*Assignment*
Once the line with "2) tube from (496, 389) to (595, 460)" is found in the entries below, print it and each following line exactly, stopping after the line with "Answer in the order listed."; print nothing else.

*Provided material*
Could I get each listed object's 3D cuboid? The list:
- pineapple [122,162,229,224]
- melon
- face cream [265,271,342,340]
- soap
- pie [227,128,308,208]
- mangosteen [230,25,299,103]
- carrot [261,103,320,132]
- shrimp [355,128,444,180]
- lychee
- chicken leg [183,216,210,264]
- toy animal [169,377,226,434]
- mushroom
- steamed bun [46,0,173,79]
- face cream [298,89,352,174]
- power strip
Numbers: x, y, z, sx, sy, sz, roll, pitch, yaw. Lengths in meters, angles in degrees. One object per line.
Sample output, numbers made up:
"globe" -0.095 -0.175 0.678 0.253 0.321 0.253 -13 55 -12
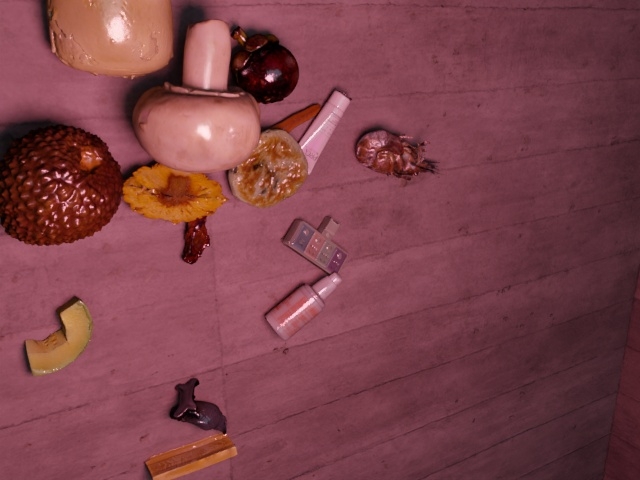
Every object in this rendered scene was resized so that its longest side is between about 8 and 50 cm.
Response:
"pineapple" -0.377 -0.133 1.442 0.250 0.164 0.140 0 145 -26
"melon" -0.644 0.241 1.421 0.209 0.064 0.118 -41 123 -9
"face cream" -0.039 0.183 1.708 0.252 0.101 0.101 -40 122 -4
"soap" -0.379 0.636 1.684 0.252 0.092 0.037 -12 110 -27
"pie" -0.138 -0.191 1.545 0.241 0.054 0.240 -20 131 -25
"mangosteen" -0.136 -0.434 1.436 0.173 0.172 0.184 1 86 -30
"carrot" -0.098 -0.310 1.566 0.248 0.043 0.043 -34 120 -18
"shrimp" 0.256 -0.258 1.744 0.343 0.116 0.145 10 115 -32
"lychee" -0.573 -0.111 1.240 0.268 0.267 0.267 -10 111 -27
"chicken leg" -0.321 -0.034 1.525 0.093 0.053 0.205 -3 116 -53
"toy animal" -0.356 0.515 1.662 0.117 0.121 0.210 -28 126 2
"mushroom" -0.276 -0.325 1.308 0.314 0.314 0.336 -3 103 -29
"steamed bun" -0.440 -0.470 1.240 0.273 0.166 0.232 -4 106 -29
"face cream" -0.001 -0.309 1.617 0.092 0.058 0.243 27 97 -38
"power strip" 0.000 0.000 1.721 0.216 0.061 0.145 37 79 -34
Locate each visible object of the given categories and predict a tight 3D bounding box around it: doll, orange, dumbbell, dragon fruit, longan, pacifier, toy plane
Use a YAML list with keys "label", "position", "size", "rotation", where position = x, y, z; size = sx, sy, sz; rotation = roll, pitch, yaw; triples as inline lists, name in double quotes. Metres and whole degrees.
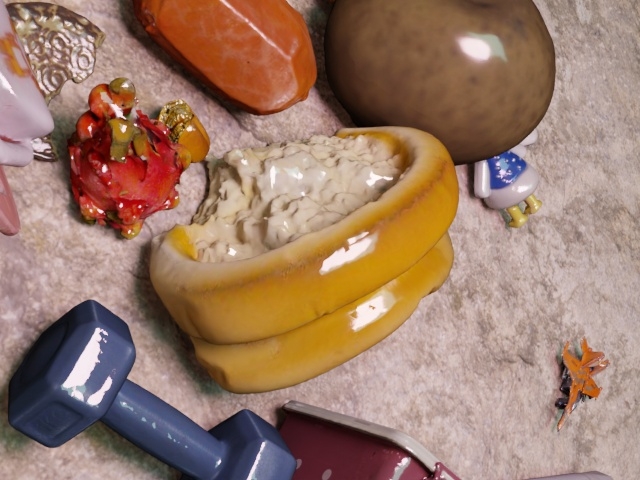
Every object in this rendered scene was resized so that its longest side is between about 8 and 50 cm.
- label: "doll"
  position: [0.289, -0.153, 1.408]
  size: [0.138, 0.119, 0.293]
  rotation: [-44, 115, -19]
- label: "orange"
  position: [-0.177, -0.133, 1.042]
  size: [0.062, 0.086, 0.086]
  rotation: [-34, 106, 3]
- label: "dumbbell"
  position: [-0.182, 0.210, 0.920]
  size: [0.325, 0.160, 0.144]
  rotation: [42, 86, -26]
- label: "dragon fruit"
  position: [-0.229, -0.102, 0.953]
  size: [0.150, 0.207, 0.133]
  rotation: [13, 47, 5]
- label: "longan"
  position: [0.173, -0.263, 1.203]
  size: [0.350, 0.288, 0.288]
  rotation: [25, 64, -10]
- label: "pacifier"
  position: [-0.385, -0.150, 0.791]
  size: [0.332, 0.273, 0.220]
  rotation: [69, 23, -4]
- label: "toy plane"
  position: [0.461, 0.268, 1.498]
  size: [0.135, 0.062, 0.188]
  rotation: [48, 69, -22]

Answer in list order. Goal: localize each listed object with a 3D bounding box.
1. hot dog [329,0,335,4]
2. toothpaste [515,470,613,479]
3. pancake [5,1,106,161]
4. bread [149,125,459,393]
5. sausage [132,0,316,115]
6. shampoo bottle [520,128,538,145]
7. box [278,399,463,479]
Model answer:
- label: "hot dog"
  position: [0.033, -0.405, 1.276]
  size: [0.236, 0.062, 0.092]
  rotation: [35, 62, -32]
- label: "toothpaste"
  position: [0.346, 0.443, 1.355]
  size: [0.371, 0.080, 0.125]
  rotation: [0, 81, -34]
- label: "pancake"
  position: [-0.320, -0.194, 0.972]
  size: [0.190, 0.020, 0.184]
  rotation: [-37, 104, -37]
- label: "bread"
  position: [-0.013, 0.006, 1.062]
  size: [0.424, 0.329, 0.245]
  rotation: [-37, 140, -33]
- label: "sausage"
  position: [-0.117, -0.274, 1.065]
  size: [0.268, 0.153, 0.141]
  rotation: [37, 31, -27]
- label: "shampoo bottle"
  position: [0.337, -0.260, 1.488]
  size: [0.074, 0.074, 0.191]
  rotation: [-14, 90, -40]
- label: "box"
  position: [0.041, 0.326, 0.997]
  size: [0.193, 0.294, 0.167]
  rotation: [42, 69, -24]
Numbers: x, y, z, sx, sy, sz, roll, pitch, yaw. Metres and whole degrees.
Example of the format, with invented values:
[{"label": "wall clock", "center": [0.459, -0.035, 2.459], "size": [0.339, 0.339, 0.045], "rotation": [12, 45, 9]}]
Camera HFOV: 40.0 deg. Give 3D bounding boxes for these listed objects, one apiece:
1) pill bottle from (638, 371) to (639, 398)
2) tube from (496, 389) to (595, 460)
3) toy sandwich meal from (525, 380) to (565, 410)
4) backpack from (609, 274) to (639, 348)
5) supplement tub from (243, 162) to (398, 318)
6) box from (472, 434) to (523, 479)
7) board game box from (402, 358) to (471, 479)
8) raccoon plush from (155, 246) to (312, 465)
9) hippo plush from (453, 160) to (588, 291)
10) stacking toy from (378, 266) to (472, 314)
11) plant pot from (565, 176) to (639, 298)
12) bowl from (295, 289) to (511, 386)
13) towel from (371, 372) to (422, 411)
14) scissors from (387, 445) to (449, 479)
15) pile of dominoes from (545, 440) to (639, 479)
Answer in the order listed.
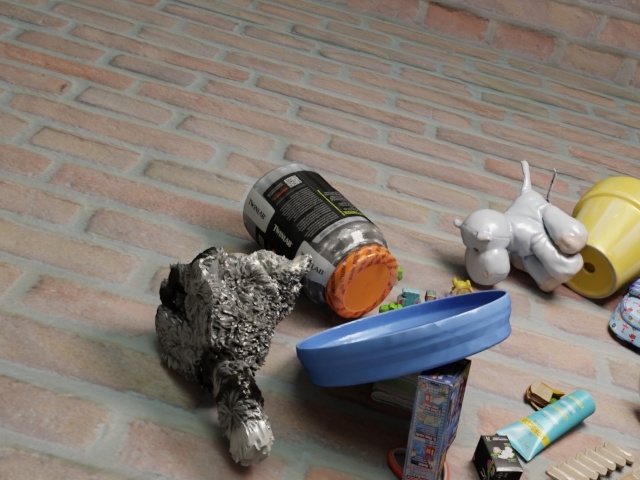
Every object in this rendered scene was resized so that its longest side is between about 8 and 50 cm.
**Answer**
[{"label": "pill bottle", "center": [0.850, 0.292, 1.735], "size": [0.407, 0.229, 0.229], "rotation": [3, 34, -18]}, {"label": "tube", "center": [0.430, 0.344, 1.653], "size": [0.207, 0.052, 0.080], "rotation": [-21, 40, -30]}, {"label": "toy sandwich meal", "center": [0.445, 0.308, 1.728], "size": [0.085, 0.029, 0.086], "rotation": [11, 32, -7]}, {"label": "backpack", "center": [0.746, 0.171, 1.990], "size": [0.158, 0.117, 0.173], "rotation": [32, 38, 26]}, {"label": "supplement tub", "center": [0.000, 0.000, 1.857], "size": [0.207, 0.207, 0.338], "rotation": [-10, 39, -35]}, {"label": "box", "center": [0.304, 0.386, 1.516], "size": [0.052, 0.062, 0.083], "rotation": [4, 34, -14]}, {"label": "board game box", "center": [0.193, 0.305, 1.477], "size": [0.060, 0.194, 0.194], "rotation": [14, 8, 18]}, {"label": "raccoon plush", "center": [-0.109, 0.197, 1.596], "size": [0.299, 0.216, 0.447], "rotation": [3, 57, -40]}, {"label": "hippo plush", "center": [0.450, -0.005, 2.013], "size": [0.236, 0.294, 0.234], "rotation": [-12, 18, -24]}, {"label": "stacking toy", "center": [0.229, 0.133, 1.900], "size": [0.221, 0.052, 0.167], "rotation": [11, 30, -3]}, {"label": "plant pot", "center": [0.696, 0.011, 2.119], "size": [0.254, 0.254, 0.239], "rotation": [32, 51, 26]}, {"label": "bowl", "center": [0.151, 0.174, 1.566], "size": [0.390, 0.077, 0.391], "rotation": [-14, 0, 0]}, {"label": "towel", "center": [0.160, 0.265, 1.683], "size": [0.113, 0.023, 0.152], "rotation": [17, 32, 2]}, {"label": "scissors", "center": [0.166, 0.437, 1.417], "size": [0.108, 0.021, 0.297], "rotation": [13, 30, -7]}, {"label": "pile of dominoes", "center": [0.526, 0.451, 1.554], "size": [0.251, 0.040, 0.196], "rotation": [-6, 36, -43]}]
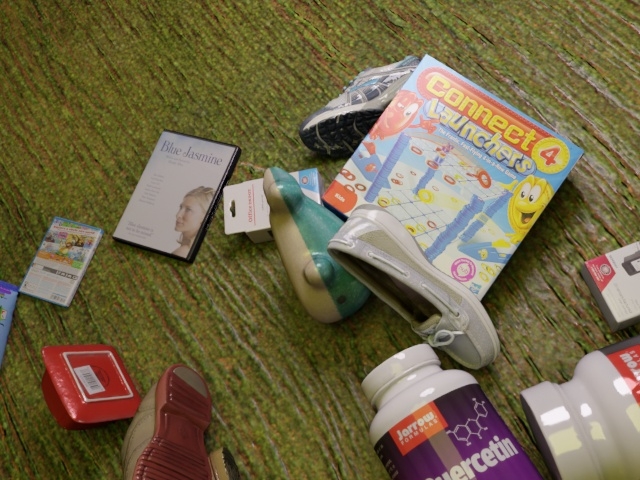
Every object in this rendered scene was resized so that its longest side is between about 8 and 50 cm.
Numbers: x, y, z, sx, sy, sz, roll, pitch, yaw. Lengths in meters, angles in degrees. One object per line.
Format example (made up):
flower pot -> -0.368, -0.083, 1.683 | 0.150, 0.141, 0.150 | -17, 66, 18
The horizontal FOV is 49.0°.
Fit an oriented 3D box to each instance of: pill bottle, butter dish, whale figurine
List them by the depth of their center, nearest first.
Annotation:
pill bottle -> 0.473, 0.223, 0.937 | 0.363, 0.210, 0.210 | -21, 64, 5
pill bottle -> 0.190, 0.313, 0.990 | 0.182, 0.181, 0.323 | -33, 64, 0
whale figurine -> 0.000, 0.000, 1.132 | 0.141, 0.272, 0.216 | -24, 25, 0
butter dish -> -0.411, 0.268, 1.207 | 0.118, 0.160, 0.160 | -47, 62, 19

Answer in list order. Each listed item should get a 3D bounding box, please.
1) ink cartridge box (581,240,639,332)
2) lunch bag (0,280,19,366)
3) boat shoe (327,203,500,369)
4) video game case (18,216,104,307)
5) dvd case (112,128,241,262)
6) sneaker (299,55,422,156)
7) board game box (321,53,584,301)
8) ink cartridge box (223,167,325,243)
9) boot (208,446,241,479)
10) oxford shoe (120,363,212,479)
ink cartridge box -> 0.499, 0.060, 1.080 | 0.151, 0.063, 0.109 | -23, 64, 5
lunch bag -> -0.696, 0.142, 1.236 | 0.138, 0.293, 0.220 | -2, 67, 14
boat shoe -> 0.143, 0.088, 1.069 | 0.320, 0.118, 0.103 | 48, 59, -11
video game case -> -0.511, 0.041, 1.385 | 0.119, 0.015, 0.166 | 14, 72, 20
dvd case -> -0.280, -0.092, 1.375 | 0.180, 0.022, 0.253 | 15, 72, 20
sneaker -> 0.087, -0.255, 1.315 | 0.283, 0.110, 0.122 | -23, 52, -3
board game box -> 0.212, -0.097, 1.159 | 0.308, 0.086, 0.302 | 34, 85, 11
ink cartridge box -> -0.082, -0.060, 1.287 | 0.180, 0.060, 0.104 | -10, 66, 11
boot -> -0.234, 0.474, 1.082 | 0.270, 0.089, 0.236 | -28, 43, 1
oxford shoe -> -0.248, 0.352, 1.076 | 0.130, 0.123, 0.348 | -42, 23, 22
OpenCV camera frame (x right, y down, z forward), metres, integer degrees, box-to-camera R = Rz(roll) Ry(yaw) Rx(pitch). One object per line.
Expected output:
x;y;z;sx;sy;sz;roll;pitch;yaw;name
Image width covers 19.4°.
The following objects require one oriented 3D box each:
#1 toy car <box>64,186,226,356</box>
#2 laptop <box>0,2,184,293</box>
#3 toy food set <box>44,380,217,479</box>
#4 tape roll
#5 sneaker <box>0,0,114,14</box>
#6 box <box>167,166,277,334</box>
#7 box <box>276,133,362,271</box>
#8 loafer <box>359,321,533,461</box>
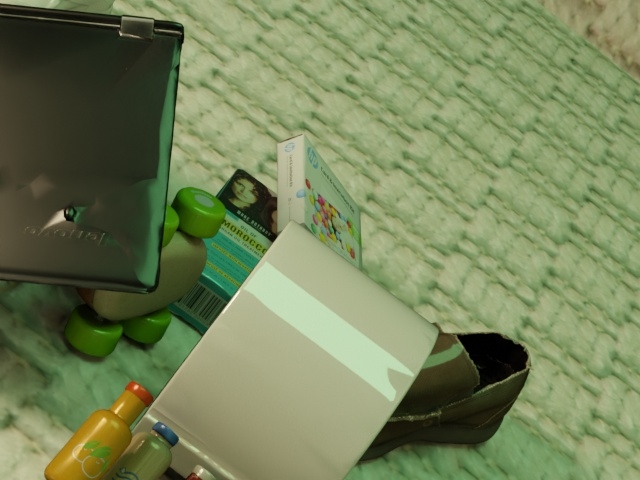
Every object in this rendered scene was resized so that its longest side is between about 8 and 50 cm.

*Task solution*
2) tube from (496, 389) to (595, 460)
3) toy sandwich meal from (525, 380) to (565, 410)
4) backpack from (609, 274) to (639, 348)
5) supplement tub from (243, 162) to (398, 318)
6) box from (472, 434) to (523, 479)
7) board game box from (402, 358) to (471, 479)
8) raccoon plush from (155, 246) to (312, 465)
9) hippo plush from (453, 160) to (588, 291)
10) stacking toy from (378, 266) to (472, 314)
11) plant pot from (565, 176) to (639, 298)
12) bowl from (295, 289) to (511, 386)
13) towel from (371, 372) to (422, 411)
14) scissors from (387, 445) to (449, 479)
15) pile of dominoes from (545, 440) to (639, 479)
Answer in the order listed.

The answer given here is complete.